Instructions to follow —
Set out word for word the line that contains "HFOV 60.0°." and each line after it, through the end of the data below, but exclude the pictures.

Data —
--------------------------------------------------
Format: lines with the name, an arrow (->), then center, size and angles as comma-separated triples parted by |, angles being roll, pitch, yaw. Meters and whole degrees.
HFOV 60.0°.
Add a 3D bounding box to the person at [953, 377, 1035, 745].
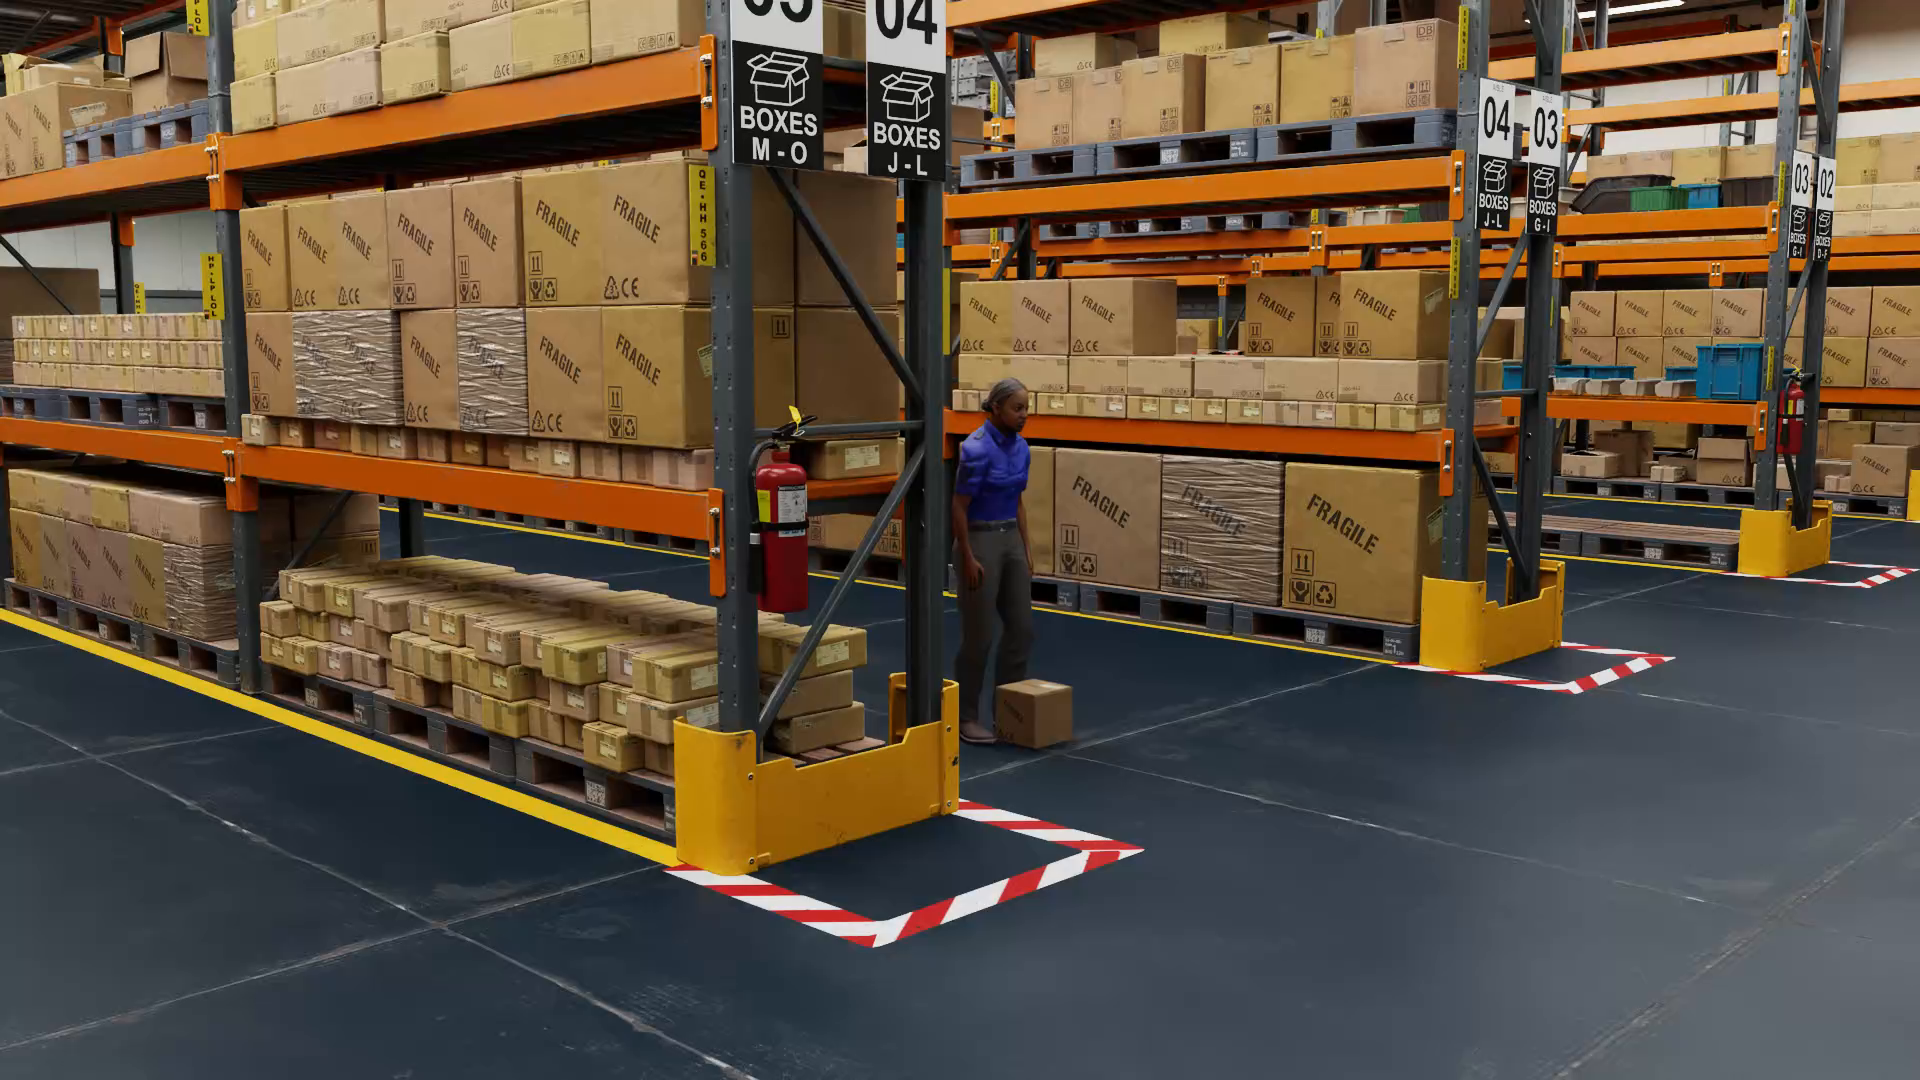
person -> 0.183, 0.080, 7.650 | 0.403, 1.653, 0.527 | 6, 9, 40
--------------------------------------------------
Answer space —
HFOV 60.0°.
Add a 3D bounding box to the person at [953, 377, 1035, 745].
person -> 0.183, 0.080, 7.650 | 0.403, 1.653, 0.527 | 6, 9, 40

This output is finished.